# New Kubota M7 Series is finally here



## Lewis Ranch (Jul 15, 2013)

I was out picking parts up today and decided to swing by the Kubota dealer and drive through the parking lot and low and behold they have the new m7 series tractors on hand and for sale. I looked over the 171 which is the biggest in the group and it looks very nice. First problem that comes to my mind under the hood is no screens in the radiators and they don't open up like my deeres to be cleaned out. According to the salesman these are supposed to go head to head with the 6R and 7R deeres. Inside felt nice and with the larger frame it should ride much nicer too. They told me $131k cash price on the m7 131 model.


----------



## somedevildawg (Jun 20, 2011)

Nice looking tractors, my dealer just got three in as well.....don't be fooled, it's no Deere but it is a very good looking tractor and the interior was well laid out I thought.....might get one in a few years, would make a nice haying tractor


----------



## deadmoose (Oct 30, 2011)

I'll take 2. Do they take out of state checks without calling the bank first?


----------



## Colby (Mar 5, 2012)

This is a 131 or a 171 hp tractor??

My case does not have screens on the radiator but it doesn't suck in the crap like Deeres do. Maybe kubota will be the same. But if they do suck in the dust like Deere does then they are doomed.


----------



## somedevildawg (Jun 20, 2011)

deadmoose said:


> I'll take 2. Do they take out of state checks without calling the bank first?

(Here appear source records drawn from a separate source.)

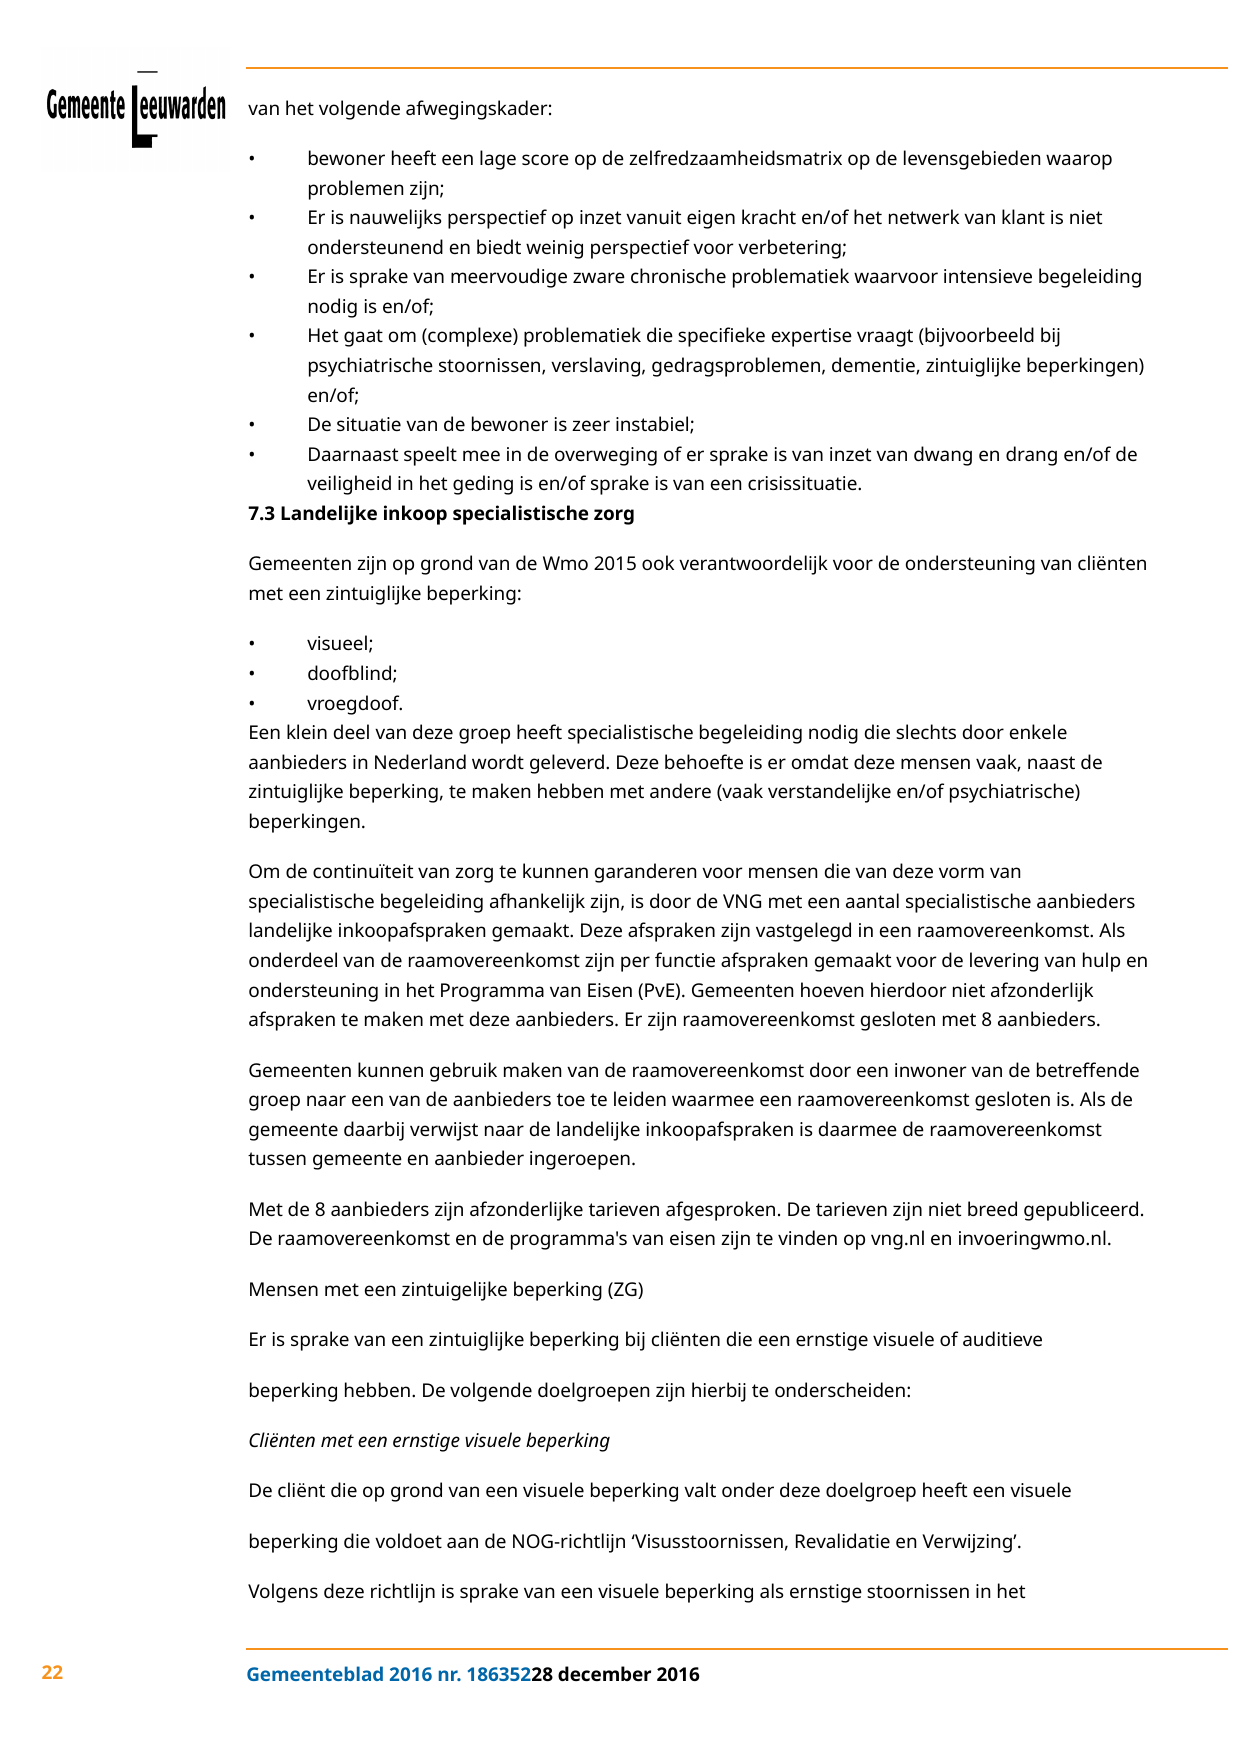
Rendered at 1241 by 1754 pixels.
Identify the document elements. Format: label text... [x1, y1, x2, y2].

text Mensen met een zintuigelijke beperking (ZG) [248, 1276, 1152, 1302]
list visueel; [248, 631, 1152, 656]
text Met de 8 aanbieders zijn afzonderlijke tarieven afgesproken. De tarieven zijn niet breed gepubliceerd. De raamovereenkomst en de programma's van eisen zijn te vinden op vng.nl en invoeringwmo.nl. [248, 1196, 1152, 1251]
list Daarnaast speelt mee in de overweging of er sprake is van inzet van dwang en drang en/of de veiligheid in het geding is en/of sprake is van een crisissituatie. [248, 441, 1152, 496]
text beperking die voldoet aan de NOG-richtlijn ‘Visusstoornissen, Revalidatie en Verwijzing’. [248, 1528, 1152, 1554]
list De situatie van de bewoner is zeer instabiel; [248, 411, 1152, 437]
list doofblind; [248, 660, 1152, 686]
text De cliënt die op grond van een visuele beperking valt onder deze doelgroep heeft een visuele [248, 1478, 1152, 1503]
text Cliënten met een ernstige visuele beperking [248, 1427, 1152, 1453]
text Om de continuïteit van zorg te kunnen garanderen voor mensen die van deze vorm van specialistische begeleiding afhankelijk zijn, is door de VNG met een aantal specialistische aanbieders landelijke inkoopafspraken gemaakt. Deze afspraken zijn vastgelegd in een raamovereenkomst. Als onderdeel van de raamovereenkomst zijn per functie afspraken gemaakt voor de levering van hulp en ondersteuning in het Programma van Eisen (PvE). Gemeenten hoeven hierdoor niet afzonderlijk afspraken te maken met deze aanbieders. Er zijn raamovereenkomst gesloten met 8 aanbieders. [248, 858, 1152, 1032]
text 7.3 Landelijke inkoop specialistische zorg [248, 500, 1152, 526]
list vroegdoof. [248, 690, 1152, 716]
text Een klein deel van deze groep heeft specialistische begeleiding nodig die slechts door enkele aanbieders in Nederland wordt geleverd. Deze behoefte is er omdat deze mensen vaak, naast de zintuiglijke beperking, te maken hebben met andere (vaak verstandelijke en/of psychiatrische) beperkingen. [248, 719, 1152, 834]
picture [41, 47, 231, 172]
text Gemeenten zijn op grond van de Wmo 2015 ook verantwoordelijk voor de ondersteuning van cliënten met een zintuiglijke beperking: [248, 551, 1152, 606]
text Volgens deze richtlijn is sprake van een visuele beperking als ernstige stoornissen in het [248, 1578, 1152, 1604]
list bewoner heeft een lage score op de zelfredzaamheidsmatrix op de levensgebieden waarop problemen zijn; [248, 145, 1152, 201]
list Het gaat om (complexe) problematiek die specifieke expertise vraagt (bijvoorbeeld bij psychiatrische stoornissen, verslaving, gedragsproblemen, dementie, zintuiglijke beperkingen) en/of; [248, 323, 1152, 408]
list Er is nauwelijks perspectief op inzet vanuit eigen kracht en/of het netwerk van klant is niet ondersteunend en biedt weinig perspectief voor verbetering; [248, 204, 1152, 260]
text Er is sprake van een zintuiglijke beperking bij cliënten die een ernstige visuele of auditieve [248, 1326, 1152, 1352]
text Gemeenten kunnen gebruik maken van de raamovereenkomst door een inwoner van de betreffende groep naar een van de aanbieders toe te leiden waarmee een raamovereenkomst gesloten is. Als de gemeente daarbij verwijst naar de landelijke inkoopafspraken is daarmee de raamovereenkomst tussen gemeente en aanbieder ingeroepen. [248, 1057, 1152, 1171]
text beperking hebben. De volgende doelgroepen zijn hierbij te onderscheiden: [248, 1377, 1152, 1403]
text van het volgende afwegingskader: [248, 95, 1152, 121]
list Er is sprake van meervoudige zware chronische problematiek waarvoor intensieve begeleiding nodig is en/of; [248, 263, 1152, 319]

If I wait like 15 yrs, I should be able to afford a beat up one.......they gonna still have to take that out of town unverified check however.....


----------



## Lewis Ranch (Jul 15, 2013)

somedevildawg said:


> Nice looking tractors, my dealer just got three in as well.....don't be fooled, it's no Deere but it is a very good looking tractor and the interior was well laid out I thought.....might get one in a few years, would make a nice haying tractor


Not a bad price if comparing to a R series Deere.



deadmoose said:


> I'll take 2. Do they take out of state checks without calling the bank first?


 I'm gonna have to check on that for you!



Colby said:


> This is a 131 or a 171 hp tractor??
> My case does not have screens on the radiator but it doesn't suck in the crap like Deeres do. Maybe kubota will be the same. But if they do suck in the dust like Deere does then they are doomed.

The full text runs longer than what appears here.